I am turning 35 in December and presently TTC#3. I might want one more after this one...







. I do not think 35+ is to old to be having a baby. I actually feel very blessed to be a mother at this stage in my life. It means I will get to enjoy motherhood into years where many woman are done raising children. I have noticed that each baby is taking longr to concieve, (#1 1 month TTC age 27, #2 8 months TTC age 32, #3 so far TTC 10 months), no proof that is age though..lol. Good luck in TTC...







.


----------



## trinity6232000 (Dec 2, 2001)

My Mom had her my brothers and sister at age 22, 24, and 25. During the year after having
the third child she had a miscarriage, followed by another miscarriage about 6 years later.
This all happened before she was age 30. She then had me at age 38.

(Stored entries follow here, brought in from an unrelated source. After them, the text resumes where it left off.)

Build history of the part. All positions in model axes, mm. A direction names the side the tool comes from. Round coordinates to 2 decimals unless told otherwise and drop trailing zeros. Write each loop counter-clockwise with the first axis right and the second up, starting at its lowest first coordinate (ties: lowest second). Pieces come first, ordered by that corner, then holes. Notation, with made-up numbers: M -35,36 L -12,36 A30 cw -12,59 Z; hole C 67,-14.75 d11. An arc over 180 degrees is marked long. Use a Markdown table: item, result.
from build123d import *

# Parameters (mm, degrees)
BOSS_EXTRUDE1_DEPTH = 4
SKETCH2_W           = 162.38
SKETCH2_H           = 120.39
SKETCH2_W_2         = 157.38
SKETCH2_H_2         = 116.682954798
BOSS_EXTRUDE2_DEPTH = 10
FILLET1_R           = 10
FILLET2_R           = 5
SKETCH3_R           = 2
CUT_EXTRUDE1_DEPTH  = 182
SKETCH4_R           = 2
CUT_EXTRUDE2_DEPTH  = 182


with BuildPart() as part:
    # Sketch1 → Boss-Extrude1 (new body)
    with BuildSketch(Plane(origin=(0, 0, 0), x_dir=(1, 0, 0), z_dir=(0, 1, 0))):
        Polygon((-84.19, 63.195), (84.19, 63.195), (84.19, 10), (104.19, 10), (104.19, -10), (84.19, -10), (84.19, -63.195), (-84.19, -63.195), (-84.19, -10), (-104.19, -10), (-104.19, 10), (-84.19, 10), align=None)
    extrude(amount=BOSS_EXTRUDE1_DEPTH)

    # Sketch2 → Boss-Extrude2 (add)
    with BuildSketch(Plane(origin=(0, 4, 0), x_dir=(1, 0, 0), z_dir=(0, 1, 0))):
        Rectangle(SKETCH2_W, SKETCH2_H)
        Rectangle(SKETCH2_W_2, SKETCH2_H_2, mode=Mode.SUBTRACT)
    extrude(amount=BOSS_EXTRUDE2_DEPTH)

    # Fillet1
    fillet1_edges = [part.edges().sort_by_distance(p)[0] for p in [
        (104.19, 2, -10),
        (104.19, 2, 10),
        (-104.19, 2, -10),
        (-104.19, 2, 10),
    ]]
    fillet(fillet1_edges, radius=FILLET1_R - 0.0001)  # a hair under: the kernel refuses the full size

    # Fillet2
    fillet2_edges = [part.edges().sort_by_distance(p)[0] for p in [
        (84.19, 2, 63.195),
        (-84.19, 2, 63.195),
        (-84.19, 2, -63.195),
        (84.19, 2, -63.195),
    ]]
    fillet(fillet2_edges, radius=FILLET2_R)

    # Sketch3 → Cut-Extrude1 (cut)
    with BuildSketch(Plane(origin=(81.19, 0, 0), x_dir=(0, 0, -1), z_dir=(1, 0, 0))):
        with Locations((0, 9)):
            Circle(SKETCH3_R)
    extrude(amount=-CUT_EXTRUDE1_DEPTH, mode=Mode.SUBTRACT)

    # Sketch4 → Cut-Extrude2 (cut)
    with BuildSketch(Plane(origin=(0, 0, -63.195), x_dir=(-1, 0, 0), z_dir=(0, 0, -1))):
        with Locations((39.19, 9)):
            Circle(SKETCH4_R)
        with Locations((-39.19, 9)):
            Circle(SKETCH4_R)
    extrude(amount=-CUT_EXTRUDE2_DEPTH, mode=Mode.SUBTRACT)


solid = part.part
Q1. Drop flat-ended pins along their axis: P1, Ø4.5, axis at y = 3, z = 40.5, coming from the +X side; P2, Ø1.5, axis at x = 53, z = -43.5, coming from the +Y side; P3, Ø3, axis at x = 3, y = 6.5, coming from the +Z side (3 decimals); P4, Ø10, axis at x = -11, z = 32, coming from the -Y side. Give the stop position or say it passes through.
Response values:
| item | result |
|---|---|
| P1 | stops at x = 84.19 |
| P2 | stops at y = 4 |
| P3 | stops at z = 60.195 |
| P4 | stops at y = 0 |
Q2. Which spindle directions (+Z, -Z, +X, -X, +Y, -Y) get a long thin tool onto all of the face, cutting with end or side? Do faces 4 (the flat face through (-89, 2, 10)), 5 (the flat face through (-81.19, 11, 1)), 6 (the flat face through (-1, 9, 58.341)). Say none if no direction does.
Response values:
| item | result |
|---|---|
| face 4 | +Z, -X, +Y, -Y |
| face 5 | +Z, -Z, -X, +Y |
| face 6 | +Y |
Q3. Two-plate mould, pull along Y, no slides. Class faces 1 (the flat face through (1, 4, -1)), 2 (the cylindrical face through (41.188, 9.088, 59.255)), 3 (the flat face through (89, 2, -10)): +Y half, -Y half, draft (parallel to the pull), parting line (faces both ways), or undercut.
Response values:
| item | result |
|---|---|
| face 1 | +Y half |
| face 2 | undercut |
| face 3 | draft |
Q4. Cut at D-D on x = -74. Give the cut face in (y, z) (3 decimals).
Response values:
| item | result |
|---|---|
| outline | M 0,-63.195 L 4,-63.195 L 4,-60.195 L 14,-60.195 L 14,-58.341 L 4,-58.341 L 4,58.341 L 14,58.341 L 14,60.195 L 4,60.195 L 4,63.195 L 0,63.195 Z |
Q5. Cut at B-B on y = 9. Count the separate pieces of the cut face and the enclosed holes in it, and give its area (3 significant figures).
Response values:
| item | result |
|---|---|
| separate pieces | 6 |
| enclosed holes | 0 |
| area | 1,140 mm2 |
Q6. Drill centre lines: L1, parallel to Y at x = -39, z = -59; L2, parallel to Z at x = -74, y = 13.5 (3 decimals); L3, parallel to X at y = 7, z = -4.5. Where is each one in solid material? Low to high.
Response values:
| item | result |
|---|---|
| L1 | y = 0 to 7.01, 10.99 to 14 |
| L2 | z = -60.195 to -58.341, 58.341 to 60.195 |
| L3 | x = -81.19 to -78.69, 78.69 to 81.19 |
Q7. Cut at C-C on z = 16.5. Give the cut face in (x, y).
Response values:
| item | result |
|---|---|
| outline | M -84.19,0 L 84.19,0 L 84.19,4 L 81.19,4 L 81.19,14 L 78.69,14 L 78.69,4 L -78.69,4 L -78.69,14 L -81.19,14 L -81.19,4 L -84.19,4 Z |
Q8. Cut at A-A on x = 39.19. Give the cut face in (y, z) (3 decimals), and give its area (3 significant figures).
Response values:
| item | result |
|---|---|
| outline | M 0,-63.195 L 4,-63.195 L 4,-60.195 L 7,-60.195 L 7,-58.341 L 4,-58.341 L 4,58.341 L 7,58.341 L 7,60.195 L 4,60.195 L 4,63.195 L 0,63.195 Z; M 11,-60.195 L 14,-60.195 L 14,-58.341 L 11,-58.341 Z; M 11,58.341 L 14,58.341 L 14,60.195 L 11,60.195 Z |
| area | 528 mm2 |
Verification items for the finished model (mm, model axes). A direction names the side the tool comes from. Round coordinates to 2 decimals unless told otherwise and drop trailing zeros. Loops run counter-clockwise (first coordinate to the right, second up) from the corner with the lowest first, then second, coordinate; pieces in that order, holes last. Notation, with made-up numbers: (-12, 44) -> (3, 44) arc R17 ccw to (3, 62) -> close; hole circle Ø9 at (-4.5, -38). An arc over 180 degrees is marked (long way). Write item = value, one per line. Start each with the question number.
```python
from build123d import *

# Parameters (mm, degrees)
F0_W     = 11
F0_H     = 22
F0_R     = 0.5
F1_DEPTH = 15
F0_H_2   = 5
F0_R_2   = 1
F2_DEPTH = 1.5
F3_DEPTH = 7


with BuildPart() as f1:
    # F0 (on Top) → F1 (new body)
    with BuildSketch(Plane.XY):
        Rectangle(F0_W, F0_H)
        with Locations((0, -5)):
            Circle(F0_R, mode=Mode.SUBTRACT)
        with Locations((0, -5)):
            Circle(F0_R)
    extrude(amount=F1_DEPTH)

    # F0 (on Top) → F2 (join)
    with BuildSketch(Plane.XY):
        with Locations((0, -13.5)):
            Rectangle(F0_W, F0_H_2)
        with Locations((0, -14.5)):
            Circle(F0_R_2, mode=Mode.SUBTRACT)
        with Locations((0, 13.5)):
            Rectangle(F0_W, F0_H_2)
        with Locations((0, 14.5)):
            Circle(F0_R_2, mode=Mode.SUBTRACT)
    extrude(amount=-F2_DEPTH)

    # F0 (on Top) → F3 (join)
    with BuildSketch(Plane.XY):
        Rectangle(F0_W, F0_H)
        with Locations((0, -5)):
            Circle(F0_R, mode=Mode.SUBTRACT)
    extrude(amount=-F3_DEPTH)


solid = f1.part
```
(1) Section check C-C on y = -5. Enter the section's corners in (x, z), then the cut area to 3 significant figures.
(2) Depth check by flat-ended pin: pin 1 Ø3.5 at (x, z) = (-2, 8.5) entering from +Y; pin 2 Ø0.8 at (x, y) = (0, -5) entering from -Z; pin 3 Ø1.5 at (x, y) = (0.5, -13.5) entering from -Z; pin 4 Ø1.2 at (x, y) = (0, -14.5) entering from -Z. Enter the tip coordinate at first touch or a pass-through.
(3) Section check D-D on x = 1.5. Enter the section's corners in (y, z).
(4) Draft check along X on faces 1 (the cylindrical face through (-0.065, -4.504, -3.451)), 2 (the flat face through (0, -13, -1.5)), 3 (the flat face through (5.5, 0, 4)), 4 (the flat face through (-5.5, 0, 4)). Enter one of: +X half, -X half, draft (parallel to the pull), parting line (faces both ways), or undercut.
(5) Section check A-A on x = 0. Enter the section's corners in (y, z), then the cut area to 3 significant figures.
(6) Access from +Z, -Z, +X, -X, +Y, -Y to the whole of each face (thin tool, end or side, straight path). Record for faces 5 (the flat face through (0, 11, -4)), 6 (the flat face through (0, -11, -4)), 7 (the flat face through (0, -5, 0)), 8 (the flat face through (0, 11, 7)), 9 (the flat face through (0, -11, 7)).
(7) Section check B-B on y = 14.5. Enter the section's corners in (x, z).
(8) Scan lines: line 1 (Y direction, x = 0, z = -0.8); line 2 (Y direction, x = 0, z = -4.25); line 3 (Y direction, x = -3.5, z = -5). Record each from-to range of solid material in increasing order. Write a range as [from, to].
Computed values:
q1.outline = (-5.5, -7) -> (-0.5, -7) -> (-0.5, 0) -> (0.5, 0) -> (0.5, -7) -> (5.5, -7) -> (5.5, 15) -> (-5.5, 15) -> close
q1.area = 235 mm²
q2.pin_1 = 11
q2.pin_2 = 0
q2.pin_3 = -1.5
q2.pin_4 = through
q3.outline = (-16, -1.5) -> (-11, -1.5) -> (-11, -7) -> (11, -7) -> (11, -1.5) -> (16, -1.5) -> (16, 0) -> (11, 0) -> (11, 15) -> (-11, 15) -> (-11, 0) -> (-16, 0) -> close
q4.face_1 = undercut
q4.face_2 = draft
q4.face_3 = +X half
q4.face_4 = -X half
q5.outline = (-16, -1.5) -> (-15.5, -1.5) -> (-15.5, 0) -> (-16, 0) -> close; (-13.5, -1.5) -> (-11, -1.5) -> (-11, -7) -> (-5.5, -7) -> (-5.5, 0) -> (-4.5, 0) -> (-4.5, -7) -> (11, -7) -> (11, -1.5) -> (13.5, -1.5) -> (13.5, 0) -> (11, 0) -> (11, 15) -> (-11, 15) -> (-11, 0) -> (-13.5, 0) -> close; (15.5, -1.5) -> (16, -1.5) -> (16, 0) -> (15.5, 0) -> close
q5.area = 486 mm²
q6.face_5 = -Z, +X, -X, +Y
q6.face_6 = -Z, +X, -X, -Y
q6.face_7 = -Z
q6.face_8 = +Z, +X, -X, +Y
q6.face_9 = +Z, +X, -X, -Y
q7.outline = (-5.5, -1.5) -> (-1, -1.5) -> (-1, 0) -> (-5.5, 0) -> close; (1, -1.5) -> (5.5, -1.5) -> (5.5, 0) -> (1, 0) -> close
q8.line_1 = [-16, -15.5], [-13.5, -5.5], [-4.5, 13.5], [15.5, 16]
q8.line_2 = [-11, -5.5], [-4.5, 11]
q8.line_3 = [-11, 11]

My sister had problems with her period her whole life, then in her early thirties went threw
several brain operations to remove tumors on her pituitary gland. She later had two children
at age 34 and 39.

I'm sorry your Doctor was so ignorant. Many women have children after 35, many of those
have had medical complications of many sorts. You keep positive, and only YOU can decide
when you are ready to stop trying.


----------



## Girlo (Oct 14, 2004)

I have to say that I feel like what your doctor said was unethical.







She is incredibly misinformed and had NO business telling you that you had no right to consider a pg after age 35! I'd look at reporting her as well.....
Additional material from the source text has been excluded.